[Records from a data collection]
'''

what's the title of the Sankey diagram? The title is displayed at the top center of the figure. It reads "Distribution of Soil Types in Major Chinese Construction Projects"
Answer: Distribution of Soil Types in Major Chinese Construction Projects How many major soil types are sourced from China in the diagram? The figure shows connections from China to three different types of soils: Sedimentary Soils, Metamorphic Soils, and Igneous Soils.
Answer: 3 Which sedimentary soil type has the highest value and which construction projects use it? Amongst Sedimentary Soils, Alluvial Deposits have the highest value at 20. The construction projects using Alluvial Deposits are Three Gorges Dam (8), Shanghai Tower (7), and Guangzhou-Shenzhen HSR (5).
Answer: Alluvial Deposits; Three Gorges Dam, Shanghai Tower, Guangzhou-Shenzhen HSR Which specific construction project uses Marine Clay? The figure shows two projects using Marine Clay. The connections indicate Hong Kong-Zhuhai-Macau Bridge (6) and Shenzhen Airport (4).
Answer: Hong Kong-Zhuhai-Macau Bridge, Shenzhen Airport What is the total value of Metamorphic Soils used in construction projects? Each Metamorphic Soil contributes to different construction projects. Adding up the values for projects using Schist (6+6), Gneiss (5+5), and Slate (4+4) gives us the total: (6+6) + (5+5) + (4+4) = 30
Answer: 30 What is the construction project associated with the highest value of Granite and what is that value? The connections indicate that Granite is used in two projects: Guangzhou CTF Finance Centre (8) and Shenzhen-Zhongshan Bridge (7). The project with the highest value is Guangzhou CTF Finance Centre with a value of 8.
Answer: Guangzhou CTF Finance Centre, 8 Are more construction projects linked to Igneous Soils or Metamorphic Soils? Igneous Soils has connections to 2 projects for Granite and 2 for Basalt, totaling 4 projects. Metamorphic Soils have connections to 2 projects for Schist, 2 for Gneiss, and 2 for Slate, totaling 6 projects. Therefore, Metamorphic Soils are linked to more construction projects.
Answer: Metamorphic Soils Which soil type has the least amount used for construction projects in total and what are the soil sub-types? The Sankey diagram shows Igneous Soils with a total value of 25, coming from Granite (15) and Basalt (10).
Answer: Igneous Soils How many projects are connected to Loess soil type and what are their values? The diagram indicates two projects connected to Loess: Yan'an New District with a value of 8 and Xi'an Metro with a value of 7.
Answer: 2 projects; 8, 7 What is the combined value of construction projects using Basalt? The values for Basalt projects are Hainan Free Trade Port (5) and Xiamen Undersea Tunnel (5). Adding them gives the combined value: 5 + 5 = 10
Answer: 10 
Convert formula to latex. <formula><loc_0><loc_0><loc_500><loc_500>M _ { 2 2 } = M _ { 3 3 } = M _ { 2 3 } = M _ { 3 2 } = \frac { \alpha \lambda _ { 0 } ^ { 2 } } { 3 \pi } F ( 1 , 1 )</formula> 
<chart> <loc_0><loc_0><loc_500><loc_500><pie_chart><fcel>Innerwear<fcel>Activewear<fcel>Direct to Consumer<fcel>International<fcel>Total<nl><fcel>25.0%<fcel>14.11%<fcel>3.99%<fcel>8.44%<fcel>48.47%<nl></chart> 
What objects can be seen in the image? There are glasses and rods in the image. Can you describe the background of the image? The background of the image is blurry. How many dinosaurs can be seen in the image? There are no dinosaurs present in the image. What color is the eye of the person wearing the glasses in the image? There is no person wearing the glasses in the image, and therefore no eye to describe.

'''

● WHAT THIS TASK INVOLVES
Pick out every line above that holds the word "Major" and copy it.

● EXERCISE RESPONSE
what's the title of the Sankey diagram? The title is displayed at the top center of the figure. It reads "Distribution of Soil Types in Major Chinese Construction Projects"
Answer: Distribution of Soil Types in Major Chinese Construction Projects How many major soil types are sourced from China in the diagram? The figure shows connections from China to three different types of soils: Sedimentary Soils, Metamorphic Soils, and Igneous Soils.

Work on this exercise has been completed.